▸ Task description: Given the records below, would you repeat exactly the lines that begin at the one containing "of Hungary in 2009?" and end at the one containing "Make the answer very short. -22.5.", inclusive?
Segment Start: Available data
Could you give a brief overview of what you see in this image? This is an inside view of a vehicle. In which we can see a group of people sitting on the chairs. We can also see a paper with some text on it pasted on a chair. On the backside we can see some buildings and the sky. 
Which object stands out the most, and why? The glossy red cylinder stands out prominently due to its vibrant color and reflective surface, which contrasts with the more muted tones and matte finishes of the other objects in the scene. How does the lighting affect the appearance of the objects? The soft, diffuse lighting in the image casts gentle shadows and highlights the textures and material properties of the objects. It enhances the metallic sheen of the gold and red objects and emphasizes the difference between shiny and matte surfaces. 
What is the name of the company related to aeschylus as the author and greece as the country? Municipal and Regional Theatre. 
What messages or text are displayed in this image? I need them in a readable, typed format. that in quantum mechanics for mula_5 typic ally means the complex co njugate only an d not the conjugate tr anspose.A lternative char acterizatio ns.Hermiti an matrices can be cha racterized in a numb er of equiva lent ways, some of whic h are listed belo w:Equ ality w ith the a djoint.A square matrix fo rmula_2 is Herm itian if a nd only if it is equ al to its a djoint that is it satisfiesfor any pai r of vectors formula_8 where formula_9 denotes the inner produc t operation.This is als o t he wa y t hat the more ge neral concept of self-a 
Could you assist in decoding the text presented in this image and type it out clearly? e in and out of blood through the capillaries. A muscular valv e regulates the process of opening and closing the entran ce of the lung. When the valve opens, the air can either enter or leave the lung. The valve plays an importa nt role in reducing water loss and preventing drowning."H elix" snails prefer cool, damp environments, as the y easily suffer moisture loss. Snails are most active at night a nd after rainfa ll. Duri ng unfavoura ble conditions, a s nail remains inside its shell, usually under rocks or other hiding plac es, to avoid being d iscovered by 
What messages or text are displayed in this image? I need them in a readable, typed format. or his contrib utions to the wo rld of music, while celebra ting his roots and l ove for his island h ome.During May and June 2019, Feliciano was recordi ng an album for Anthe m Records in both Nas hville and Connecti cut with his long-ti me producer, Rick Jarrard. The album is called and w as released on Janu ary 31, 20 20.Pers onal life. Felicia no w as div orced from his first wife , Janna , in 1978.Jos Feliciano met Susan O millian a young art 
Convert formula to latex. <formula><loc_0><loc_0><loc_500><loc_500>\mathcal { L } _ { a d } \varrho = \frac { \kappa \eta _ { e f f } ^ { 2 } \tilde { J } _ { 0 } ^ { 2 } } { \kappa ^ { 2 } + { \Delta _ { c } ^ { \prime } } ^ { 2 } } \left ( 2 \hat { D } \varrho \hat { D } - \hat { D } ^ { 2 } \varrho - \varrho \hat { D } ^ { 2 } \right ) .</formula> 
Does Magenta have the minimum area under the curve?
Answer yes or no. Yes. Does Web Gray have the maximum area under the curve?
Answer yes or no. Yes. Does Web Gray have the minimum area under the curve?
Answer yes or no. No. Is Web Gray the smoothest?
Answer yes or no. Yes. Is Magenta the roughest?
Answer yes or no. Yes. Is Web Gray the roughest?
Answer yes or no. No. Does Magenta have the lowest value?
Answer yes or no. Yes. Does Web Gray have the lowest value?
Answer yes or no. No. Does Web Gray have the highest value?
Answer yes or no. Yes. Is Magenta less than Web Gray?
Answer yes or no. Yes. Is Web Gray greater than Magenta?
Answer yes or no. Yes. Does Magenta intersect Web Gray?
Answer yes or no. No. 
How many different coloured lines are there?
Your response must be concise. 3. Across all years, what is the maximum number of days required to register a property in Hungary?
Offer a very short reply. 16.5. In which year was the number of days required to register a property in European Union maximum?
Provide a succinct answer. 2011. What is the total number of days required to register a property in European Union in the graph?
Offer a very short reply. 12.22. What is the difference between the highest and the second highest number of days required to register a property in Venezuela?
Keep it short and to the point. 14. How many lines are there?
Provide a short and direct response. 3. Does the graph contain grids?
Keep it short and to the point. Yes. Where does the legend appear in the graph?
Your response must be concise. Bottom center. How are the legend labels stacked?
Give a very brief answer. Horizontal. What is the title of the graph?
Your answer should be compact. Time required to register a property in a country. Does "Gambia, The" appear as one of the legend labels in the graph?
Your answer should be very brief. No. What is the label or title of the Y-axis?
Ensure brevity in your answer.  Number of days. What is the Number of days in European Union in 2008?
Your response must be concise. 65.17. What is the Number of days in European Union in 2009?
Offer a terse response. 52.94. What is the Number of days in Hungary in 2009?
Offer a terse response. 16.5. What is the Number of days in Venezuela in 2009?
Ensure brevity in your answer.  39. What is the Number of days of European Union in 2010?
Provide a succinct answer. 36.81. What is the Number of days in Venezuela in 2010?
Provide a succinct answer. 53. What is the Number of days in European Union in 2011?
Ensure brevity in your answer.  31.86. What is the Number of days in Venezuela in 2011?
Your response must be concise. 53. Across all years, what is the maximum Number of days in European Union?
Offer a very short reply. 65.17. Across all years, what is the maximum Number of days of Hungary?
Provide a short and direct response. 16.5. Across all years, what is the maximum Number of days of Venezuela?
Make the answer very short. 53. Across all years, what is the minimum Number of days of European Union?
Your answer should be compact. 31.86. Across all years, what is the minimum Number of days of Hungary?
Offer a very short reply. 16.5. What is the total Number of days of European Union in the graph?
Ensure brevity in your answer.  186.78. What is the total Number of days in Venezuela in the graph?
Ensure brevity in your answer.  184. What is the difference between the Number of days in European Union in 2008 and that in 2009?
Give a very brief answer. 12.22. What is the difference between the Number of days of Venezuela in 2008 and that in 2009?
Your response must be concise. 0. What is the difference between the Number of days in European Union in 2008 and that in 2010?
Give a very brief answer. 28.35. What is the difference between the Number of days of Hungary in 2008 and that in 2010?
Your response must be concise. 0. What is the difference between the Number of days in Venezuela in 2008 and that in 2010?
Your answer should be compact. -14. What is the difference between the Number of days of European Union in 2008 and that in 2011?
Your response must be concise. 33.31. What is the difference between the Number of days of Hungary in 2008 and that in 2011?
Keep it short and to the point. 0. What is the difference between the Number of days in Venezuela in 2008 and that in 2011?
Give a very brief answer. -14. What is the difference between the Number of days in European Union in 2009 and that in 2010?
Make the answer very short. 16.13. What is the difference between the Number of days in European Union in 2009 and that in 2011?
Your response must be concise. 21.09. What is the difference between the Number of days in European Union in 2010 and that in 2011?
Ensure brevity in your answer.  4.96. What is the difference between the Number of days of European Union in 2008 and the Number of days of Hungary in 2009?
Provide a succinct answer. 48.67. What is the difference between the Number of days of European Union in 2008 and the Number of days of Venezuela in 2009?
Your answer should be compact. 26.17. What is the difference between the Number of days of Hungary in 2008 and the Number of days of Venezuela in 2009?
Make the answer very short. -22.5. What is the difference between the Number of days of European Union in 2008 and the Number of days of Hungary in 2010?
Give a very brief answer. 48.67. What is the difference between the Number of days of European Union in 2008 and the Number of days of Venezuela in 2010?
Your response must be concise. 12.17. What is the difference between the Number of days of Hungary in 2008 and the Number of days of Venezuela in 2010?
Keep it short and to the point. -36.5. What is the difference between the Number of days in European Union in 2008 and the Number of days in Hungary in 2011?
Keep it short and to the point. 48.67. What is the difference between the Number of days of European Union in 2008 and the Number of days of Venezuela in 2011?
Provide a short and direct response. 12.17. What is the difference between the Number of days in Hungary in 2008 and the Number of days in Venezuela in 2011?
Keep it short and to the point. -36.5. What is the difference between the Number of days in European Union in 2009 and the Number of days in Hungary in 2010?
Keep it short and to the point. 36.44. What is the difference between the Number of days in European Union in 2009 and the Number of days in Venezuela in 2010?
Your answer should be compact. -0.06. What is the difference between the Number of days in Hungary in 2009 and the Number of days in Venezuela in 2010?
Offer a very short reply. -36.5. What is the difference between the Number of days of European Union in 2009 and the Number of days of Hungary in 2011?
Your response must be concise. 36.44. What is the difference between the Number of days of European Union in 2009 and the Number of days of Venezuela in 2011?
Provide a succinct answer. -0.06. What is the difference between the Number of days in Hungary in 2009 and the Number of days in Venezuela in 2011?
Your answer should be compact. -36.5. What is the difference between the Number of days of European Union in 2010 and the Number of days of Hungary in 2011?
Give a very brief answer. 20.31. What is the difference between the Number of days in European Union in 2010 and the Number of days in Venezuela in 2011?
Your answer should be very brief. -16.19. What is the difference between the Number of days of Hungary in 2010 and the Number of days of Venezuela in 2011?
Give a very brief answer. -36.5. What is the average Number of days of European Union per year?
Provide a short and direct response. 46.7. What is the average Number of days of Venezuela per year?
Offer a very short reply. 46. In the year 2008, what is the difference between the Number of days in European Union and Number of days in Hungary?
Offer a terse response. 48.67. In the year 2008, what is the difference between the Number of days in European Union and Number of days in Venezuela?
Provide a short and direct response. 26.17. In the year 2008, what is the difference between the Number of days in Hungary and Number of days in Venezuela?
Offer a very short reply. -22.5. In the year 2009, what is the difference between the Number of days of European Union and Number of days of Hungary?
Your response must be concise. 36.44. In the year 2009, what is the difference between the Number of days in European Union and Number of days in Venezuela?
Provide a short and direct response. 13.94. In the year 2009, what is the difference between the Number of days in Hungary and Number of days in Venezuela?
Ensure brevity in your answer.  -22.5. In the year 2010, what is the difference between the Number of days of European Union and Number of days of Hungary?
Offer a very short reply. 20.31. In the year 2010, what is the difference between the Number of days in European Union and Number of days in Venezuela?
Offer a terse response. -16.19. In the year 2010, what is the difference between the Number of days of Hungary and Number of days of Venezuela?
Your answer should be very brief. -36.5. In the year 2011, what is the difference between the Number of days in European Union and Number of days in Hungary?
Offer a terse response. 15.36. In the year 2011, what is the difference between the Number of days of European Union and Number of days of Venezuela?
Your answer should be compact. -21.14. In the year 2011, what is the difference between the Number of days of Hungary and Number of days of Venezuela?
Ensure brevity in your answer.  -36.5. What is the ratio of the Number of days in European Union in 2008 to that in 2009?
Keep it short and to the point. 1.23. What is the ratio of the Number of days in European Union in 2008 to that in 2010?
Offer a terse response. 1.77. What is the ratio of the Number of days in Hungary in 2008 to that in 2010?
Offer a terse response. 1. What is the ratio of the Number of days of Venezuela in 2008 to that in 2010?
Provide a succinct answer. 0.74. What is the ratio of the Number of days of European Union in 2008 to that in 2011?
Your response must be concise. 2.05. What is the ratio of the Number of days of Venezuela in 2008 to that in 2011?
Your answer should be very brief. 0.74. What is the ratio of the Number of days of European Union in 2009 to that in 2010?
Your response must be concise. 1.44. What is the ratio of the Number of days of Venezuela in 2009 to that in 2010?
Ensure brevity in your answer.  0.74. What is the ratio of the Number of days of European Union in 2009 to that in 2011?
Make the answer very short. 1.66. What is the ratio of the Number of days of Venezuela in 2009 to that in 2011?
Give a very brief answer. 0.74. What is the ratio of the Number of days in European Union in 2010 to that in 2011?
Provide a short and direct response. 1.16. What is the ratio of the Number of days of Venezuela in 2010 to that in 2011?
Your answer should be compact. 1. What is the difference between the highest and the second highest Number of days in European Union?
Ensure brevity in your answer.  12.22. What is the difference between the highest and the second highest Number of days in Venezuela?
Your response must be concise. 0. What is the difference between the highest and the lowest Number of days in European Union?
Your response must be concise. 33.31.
Segment End: Available data
▸ Result for this task:
Ensure brevity in your answer.  4.96. What is the difference between the Number of days of European Union in 2008 and the Number of days of Hungary in 2009?
Provide a succinct answer. 48.67. What is the difference between the Number of days of European Union in 2008 and the Number of days of Venezuela in 2009?
Your answer should be compact. 26.17. What is the difference between the Number of days of Hungary in 2008 and the Number of days of Venezuela in 2009?
Make the answer very short. -22.5. What is the difference between the Number of days of European Union in 2008 and the Number of days of Hungary in 2010?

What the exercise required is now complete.